Codon usage bias is a universal feature across all domains of life.  We previously showed that codon bias regulates ribosomal translation speed, thereby influencing co-translational protein folding and ribosome stalling. In addition to its role in translational control, we also demonstrated that codon bias mediates transcriptional regulation through heterochromatin formation and modulation of polyadenylation. However, how codon bias influences gene expression and connects genotype to phenotype remains poorly understood, especially in higher eukaryotes. Here, I will present our recent findings suggesting that codon bias may be linked to learning and memory. Using Drosophila melanogaster as a model system, we found that optimization of the codons in the cAMP response element-binding protein (CREB) gene dampens olfactory learning, likely due to alterations in CREB protein structure.
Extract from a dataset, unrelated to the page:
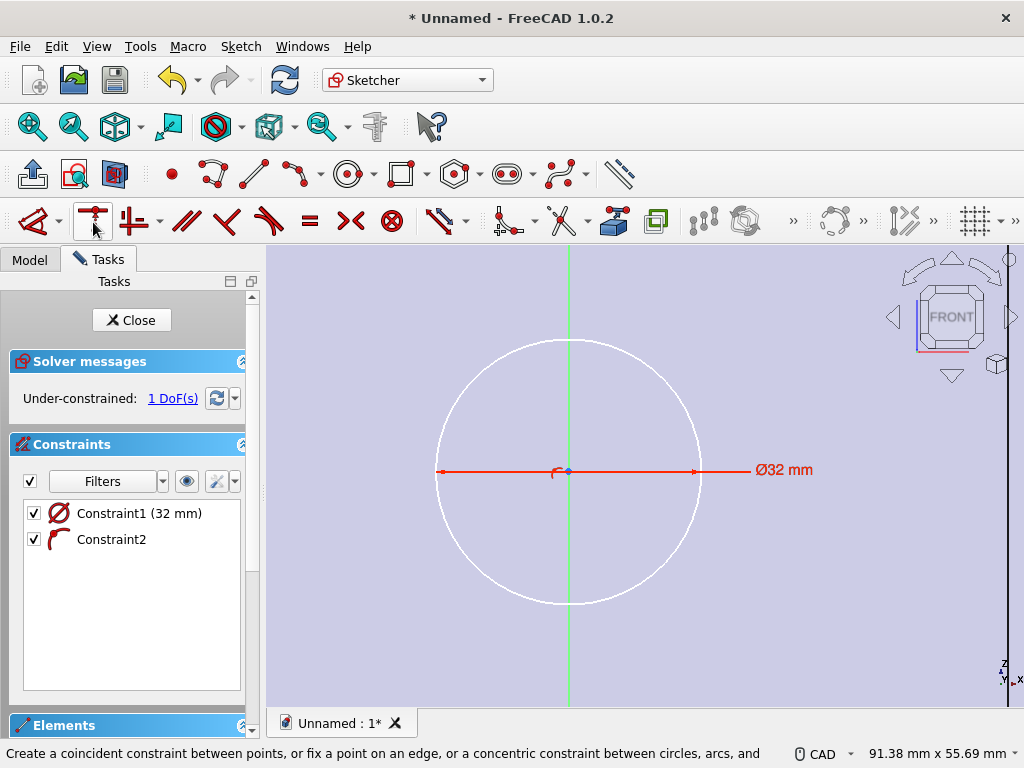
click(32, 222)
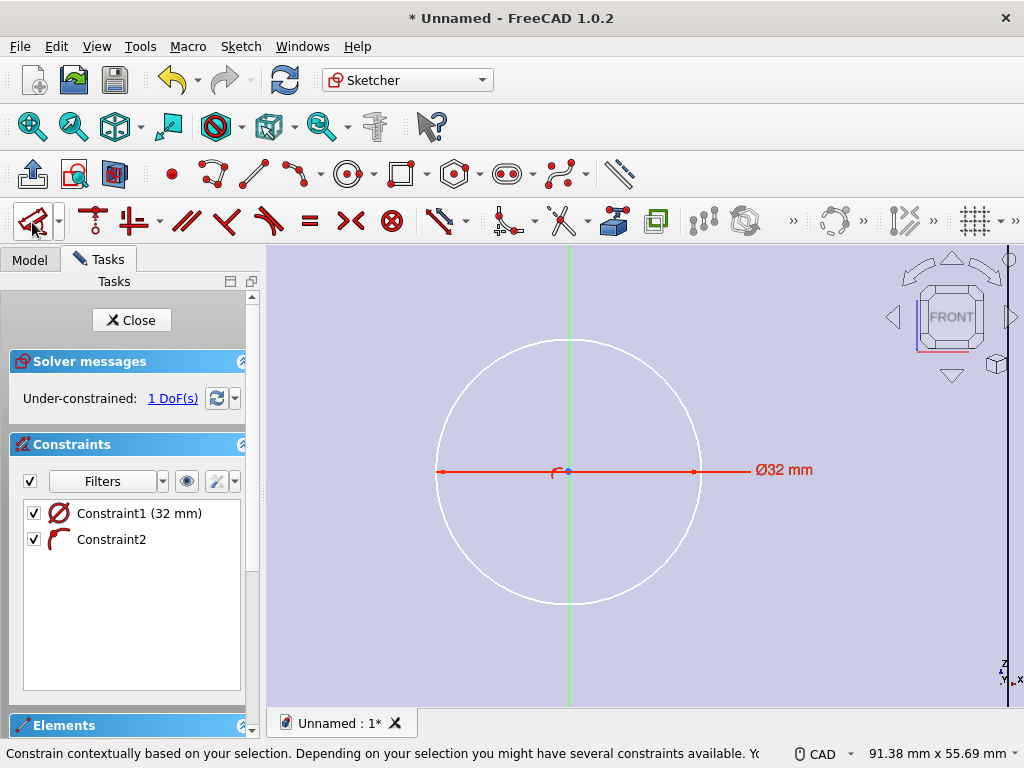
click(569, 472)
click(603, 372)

We further investigated the role of codon bias in mRNA translation across morphologically distinct human cell types and found that different cells preferentially use distinct sets of codons. Interestingly, such codon adaptation occurs not only among different cell types but also between subcellular compartments within the same cell. Finally, we sought to attenuate ribosomal translation speed in trans, mimicking the effect of slow codons to modulate co-translational protein folding. Using the cystic fibrosis transmembrane conductance regulator (CFTR) as a model, we found that CFTR folding and maturation can be fine-tuned through this approach.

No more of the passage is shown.